Henry Bonaventure Monnier (* 7. Juni 1799 in Paris; † 3. Januar 1877 ebenda) war ein französischer Autor, Theaterschriftsteller, Theaterschauspieler, Zeichner, Illustrator und Karikaturist.

Leben

Monnier stammte aus kleinbürgerlichem Milieu. Von 1816 bis 1821 war er Angestellter im Justizministerium (sein Freund Balzac verkörperte ihn in seinem Roman Les employés in der Figur Jean-Jacques Bixiou), aber auch Zeichner und Karikaturist. Nach einem Aufenthalt in England wandte er sich 1830 neben der rastlosen Anfertigung von Lithografien dem Theater zu, sowohl als Autor wie als Schauspieler seiner eigenen Figuren.

Die Figur des Joseph Prudhomme

Die meisten von Monniers Texten sind heute vergessen (Monnier kommt in Literaturgeschichten so gut wie nicht vor), eine Figur jedoch hat überlebt, Joseph Prudhomme, die unsterbliche Verkörperung des französischen Spießbürgers. Mit ihr steht Monnier am Anfang einer Reihe, die über Flaubert (Figur des Monsieur Homais in Madame Bovary, ferner Bouvard und Pécuchet und das Wörterbuch der Gemeinplätze) zur Mittelmeervariante bei Alphonse Daudet (Figur des Tartarin von Tarascon) und schließlich zu Léon Bloy führt (Auslegung der Gemeinplätze).

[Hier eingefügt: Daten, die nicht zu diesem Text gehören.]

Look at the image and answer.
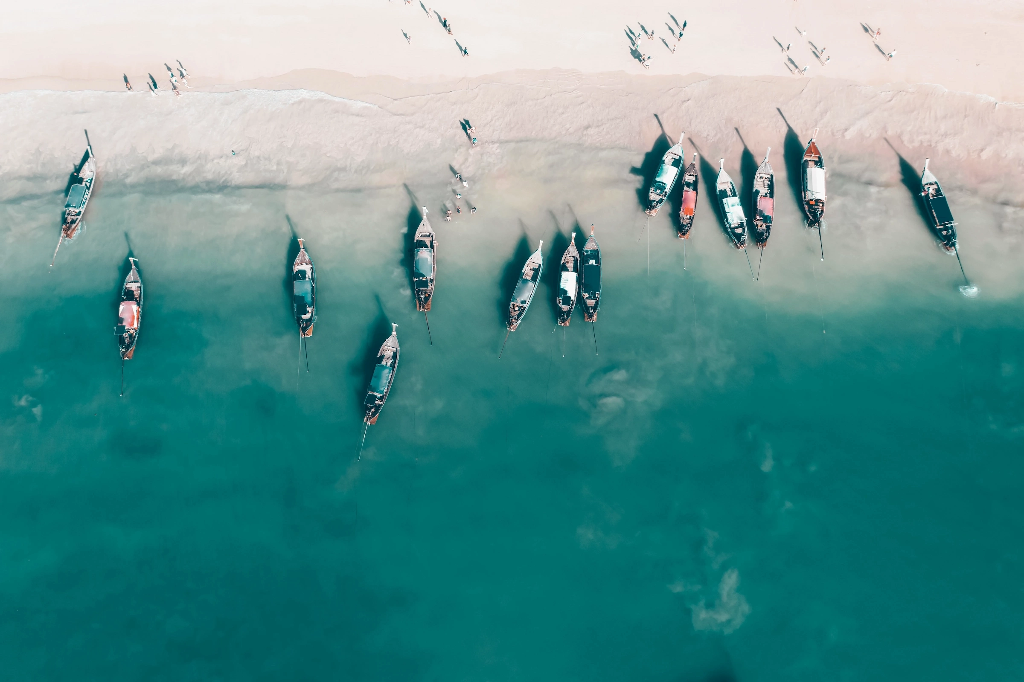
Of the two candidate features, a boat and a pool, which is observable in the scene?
boat
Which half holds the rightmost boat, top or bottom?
top
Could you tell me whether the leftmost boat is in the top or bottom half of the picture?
top
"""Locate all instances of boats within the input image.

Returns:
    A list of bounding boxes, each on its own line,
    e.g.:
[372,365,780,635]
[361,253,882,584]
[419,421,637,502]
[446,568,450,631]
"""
[714,158,755,280]
[919,157,968,285]
[50,146,99,267]
[357,322,401,461]
[637,131,685,242]
[557,232,580,357]
[580,223,602,355]
[113,257,145,397]
[678,153,699,251]
[293,238,318,372]
[751,146,775,281]
[800,128,826,260]
[413,205,437,346]
[498,240,543,359]

Viele der Prudhomme in den Mund gelegten Sprüche sind nach wie vor im französischen Sprachschatz lebendig. Hier einige Beispiele:

  • Monsieur Prudhomme sieht zum ersten Mal das Meer. Seine Reaktion: „Eine so große Menge Wasser grenzt ans Lächerliche“ (Une telle quantité d’eau frise le ridicule.)
  • Monsieur Prudhomme ist ein Meister der Katachrese: Le char de l’État navigue sur un volcan (nicht übersetzbar, vergleichbar mit: „Der Zahn der Zeit wird auch über diese Wunde Gras wachsen lassen.“)
  • Monsieur Prudhomme erhält den Säbel der Nationalgarde. Seine Reaktion: „Dieser Säbel ist der schönste Tag meines Lebens. Mit ihm, so schwöre ich, werde ich unser Staatswesen unterstützen, verteidigen und notfalls bekämpfen.“ (Ce sabre est le plus beau jour de ma vie: avec lui, je jure de soutenir, de défendre nos institutions et au besoin de les combattre.)
  • „Das ist meine Meinung und ich teile sie“. (C’est mon avis et je le partage.)
  • „Es ist der Ehrgeiz, der den Menschen zum Verhängnis wird. Wäre Napoleon Artillerieoffizier geblieben, säße er heute noch auf dem Thron“. (C’est l’ambition qui perd les hommes. Si Napoléon était resté officier d’artillerie, il serait encore sur le trône.)
  • „Wer den Menschen aus der Gesellschaft entfernt, der isoliert ihn“. (Otez l’homme de la société, vous l’isolez.)
  • Im Département Aveyron wird der Staatsanwalt Fualdès von Unbekannten ermordet. Deutung von Monsieur Prudhomme: „Der Griff des Messers war in Rom, die Spitze im Aveyron“. (Le couteau de Fualdès avec son manche à Rome et sa pointe dans l’Aveyron.)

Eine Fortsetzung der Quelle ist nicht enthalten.